• [Task directions]: Find all the lines in the entries below that hold the word "objects" and copy them.

• [Data extract]:
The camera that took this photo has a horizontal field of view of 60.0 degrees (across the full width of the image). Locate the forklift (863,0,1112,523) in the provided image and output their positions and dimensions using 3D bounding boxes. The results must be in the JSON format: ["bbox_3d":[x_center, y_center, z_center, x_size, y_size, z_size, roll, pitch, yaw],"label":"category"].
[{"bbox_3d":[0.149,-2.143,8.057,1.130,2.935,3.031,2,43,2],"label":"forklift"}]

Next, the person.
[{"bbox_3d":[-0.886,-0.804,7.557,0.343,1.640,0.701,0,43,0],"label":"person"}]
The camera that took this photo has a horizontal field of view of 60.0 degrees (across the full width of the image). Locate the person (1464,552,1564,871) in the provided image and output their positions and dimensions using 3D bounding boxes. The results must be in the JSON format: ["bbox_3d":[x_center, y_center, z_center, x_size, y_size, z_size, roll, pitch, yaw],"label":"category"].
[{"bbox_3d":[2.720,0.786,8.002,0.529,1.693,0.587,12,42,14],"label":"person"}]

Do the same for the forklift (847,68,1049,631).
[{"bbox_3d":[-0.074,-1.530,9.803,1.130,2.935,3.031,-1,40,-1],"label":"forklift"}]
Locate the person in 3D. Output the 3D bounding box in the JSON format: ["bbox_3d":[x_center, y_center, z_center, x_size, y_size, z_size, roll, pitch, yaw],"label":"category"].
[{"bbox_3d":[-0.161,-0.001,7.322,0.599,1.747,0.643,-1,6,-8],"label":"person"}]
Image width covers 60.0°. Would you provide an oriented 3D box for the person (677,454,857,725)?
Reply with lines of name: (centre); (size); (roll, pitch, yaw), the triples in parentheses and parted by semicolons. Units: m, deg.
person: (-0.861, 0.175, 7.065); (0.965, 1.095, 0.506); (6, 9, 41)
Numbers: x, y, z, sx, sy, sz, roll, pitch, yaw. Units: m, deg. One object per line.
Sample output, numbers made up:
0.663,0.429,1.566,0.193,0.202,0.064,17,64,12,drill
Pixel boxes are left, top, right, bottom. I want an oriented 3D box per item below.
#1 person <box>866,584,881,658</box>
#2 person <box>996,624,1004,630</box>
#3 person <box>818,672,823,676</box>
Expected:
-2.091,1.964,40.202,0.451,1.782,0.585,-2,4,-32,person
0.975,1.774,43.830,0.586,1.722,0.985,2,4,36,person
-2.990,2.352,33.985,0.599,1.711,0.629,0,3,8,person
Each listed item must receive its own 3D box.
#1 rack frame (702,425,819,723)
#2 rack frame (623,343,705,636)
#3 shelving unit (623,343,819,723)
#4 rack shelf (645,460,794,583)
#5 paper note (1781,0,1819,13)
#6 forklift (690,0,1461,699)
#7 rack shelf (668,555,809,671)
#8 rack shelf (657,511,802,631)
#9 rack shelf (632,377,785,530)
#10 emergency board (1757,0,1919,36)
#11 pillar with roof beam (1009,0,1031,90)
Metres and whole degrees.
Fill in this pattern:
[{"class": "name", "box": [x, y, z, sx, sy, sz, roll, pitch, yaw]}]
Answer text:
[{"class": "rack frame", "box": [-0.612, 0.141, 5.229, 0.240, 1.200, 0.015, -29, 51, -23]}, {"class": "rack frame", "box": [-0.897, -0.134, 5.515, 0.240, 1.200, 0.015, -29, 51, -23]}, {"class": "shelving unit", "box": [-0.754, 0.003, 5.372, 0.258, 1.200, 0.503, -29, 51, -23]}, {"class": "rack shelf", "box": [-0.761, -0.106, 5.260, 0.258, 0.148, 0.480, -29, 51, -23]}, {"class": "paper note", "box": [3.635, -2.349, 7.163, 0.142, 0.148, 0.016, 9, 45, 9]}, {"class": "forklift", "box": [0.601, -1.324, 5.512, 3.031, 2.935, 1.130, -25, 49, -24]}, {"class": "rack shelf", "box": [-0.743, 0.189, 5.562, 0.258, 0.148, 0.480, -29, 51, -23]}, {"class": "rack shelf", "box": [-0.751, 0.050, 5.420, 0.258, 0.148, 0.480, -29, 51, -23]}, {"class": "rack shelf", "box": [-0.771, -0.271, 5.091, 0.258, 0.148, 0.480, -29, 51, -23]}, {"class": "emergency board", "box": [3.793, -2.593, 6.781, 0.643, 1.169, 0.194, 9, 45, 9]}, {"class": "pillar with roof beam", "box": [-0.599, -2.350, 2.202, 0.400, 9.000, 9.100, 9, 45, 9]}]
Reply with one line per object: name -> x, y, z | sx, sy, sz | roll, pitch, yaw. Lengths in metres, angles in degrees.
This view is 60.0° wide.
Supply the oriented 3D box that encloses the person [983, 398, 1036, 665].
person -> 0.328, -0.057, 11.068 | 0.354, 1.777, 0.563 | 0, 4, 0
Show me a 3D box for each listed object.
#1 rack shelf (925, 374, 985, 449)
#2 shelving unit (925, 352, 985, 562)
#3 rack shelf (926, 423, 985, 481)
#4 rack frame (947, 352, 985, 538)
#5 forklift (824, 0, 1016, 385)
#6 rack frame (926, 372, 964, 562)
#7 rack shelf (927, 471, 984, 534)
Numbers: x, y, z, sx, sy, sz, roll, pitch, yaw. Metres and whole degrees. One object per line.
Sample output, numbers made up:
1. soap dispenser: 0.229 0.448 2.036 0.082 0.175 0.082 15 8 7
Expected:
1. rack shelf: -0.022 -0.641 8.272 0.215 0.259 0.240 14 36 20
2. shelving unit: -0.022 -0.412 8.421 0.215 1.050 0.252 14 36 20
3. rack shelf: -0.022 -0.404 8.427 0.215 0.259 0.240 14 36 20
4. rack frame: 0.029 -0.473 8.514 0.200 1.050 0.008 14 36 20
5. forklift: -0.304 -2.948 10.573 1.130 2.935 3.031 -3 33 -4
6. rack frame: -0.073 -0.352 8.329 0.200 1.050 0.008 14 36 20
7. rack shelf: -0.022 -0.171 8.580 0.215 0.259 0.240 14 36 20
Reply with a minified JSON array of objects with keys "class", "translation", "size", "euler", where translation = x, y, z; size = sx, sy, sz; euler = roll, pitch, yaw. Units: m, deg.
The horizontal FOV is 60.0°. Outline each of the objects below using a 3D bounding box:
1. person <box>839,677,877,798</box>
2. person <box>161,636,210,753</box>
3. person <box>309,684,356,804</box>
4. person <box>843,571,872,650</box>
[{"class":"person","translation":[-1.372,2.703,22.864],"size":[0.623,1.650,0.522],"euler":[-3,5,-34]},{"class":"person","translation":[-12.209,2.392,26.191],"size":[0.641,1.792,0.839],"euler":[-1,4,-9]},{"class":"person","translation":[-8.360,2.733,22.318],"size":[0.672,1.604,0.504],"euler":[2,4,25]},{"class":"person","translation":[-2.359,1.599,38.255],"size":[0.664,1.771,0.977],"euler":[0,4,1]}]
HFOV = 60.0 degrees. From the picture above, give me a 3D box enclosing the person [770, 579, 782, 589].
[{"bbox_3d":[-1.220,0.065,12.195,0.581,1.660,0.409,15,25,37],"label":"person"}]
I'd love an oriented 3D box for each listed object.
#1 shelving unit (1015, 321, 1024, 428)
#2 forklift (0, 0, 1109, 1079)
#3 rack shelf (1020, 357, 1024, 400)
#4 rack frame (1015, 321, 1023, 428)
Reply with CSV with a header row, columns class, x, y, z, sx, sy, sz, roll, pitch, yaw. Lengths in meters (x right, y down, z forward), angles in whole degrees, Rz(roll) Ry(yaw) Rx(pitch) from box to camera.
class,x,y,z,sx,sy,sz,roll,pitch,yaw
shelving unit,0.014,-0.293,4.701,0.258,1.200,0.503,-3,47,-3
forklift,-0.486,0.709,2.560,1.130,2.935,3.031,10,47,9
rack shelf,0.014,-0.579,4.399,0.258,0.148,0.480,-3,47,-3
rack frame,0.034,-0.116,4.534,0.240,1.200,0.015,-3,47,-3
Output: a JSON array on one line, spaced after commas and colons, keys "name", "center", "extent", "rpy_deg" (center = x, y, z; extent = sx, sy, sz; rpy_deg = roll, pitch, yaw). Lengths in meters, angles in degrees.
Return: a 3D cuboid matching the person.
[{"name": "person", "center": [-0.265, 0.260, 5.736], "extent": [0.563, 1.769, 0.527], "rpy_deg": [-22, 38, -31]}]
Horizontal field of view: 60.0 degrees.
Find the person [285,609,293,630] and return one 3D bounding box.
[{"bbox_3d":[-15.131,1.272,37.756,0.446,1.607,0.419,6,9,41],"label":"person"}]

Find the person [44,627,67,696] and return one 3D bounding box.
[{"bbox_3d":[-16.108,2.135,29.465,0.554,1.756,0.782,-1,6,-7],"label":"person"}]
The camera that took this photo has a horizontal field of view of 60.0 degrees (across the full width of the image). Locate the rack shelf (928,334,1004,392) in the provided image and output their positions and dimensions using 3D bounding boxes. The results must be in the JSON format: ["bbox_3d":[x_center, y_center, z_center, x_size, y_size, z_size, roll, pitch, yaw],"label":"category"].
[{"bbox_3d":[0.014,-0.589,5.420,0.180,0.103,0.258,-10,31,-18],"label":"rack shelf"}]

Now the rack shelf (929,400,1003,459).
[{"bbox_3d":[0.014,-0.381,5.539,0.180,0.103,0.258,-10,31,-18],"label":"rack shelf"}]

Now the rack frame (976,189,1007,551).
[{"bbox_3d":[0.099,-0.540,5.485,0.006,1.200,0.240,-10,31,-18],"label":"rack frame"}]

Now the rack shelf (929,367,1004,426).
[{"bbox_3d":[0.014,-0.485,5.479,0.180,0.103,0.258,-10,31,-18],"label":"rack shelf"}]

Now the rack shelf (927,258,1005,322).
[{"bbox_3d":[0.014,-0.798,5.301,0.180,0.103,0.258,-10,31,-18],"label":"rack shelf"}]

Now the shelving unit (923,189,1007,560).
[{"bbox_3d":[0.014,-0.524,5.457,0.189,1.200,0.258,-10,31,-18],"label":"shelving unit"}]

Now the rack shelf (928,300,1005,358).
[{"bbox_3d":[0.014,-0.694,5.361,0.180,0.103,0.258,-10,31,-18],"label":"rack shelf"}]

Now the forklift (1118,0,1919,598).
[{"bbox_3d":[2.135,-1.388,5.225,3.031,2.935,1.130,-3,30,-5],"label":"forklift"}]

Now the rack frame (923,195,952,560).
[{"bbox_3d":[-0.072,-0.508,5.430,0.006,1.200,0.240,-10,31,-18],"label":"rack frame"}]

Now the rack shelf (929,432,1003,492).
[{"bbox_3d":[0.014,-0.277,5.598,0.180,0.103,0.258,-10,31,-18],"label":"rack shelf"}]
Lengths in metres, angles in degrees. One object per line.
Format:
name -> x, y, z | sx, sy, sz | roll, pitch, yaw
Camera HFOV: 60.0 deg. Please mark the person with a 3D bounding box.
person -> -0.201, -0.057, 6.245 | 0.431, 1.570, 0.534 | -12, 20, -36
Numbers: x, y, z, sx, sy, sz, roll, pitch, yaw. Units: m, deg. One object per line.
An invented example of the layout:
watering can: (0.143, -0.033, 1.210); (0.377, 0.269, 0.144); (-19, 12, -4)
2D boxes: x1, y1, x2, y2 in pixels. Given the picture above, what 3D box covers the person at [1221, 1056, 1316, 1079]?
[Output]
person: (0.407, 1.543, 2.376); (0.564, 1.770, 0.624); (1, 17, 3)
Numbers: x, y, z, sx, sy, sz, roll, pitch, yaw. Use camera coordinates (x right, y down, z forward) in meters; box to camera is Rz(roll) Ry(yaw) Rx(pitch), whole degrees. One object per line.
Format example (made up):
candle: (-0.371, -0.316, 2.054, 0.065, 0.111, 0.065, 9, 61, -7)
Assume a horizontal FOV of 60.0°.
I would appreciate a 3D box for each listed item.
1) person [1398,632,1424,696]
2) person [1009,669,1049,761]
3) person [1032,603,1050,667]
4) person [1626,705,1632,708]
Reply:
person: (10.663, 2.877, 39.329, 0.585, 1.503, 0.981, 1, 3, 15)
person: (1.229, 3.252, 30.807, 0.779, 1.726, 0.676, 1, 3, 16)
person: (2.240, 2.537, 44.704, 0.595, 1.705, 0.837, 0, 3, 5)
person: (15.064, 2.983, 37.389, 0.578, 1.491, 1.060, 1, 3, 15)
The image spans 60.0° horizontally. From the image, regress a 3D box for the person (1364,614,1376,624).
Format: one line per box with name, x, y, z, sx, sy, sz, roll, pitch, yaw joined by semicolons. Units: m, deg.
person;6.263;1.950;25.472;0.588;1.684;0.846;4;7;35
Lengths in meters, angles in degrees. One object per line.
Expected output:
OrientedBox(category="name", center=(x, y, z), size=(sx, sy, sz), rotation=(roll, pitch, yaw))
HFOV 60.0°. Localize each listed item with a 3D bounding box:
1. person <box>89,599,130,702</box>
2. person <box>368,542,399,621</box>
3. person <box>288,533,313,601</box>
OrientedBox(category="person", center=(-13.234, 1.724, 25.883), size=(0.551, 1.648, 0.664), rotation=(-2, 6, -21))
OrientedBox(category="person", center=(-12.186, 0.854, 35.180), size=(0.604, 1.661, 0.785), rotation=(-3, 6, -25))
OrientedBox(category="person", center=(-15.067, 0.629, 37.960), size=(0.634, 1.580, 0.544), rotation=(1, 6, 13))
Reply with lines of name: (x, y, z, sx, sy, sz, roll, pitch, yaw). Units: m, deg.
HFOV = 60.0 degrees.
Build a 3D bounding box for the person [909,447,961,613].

• [Task solution]:
Reply with a minified JSON array of objects with keys "class", "translation", "size", "euler", where translation = x, y, z; size = sx, sy, sz; euler = roll, pitch, yaw. Units: m, deg.
The horizontal FOV is 60.0°. Outline each of the objects below using a 3D bounding box:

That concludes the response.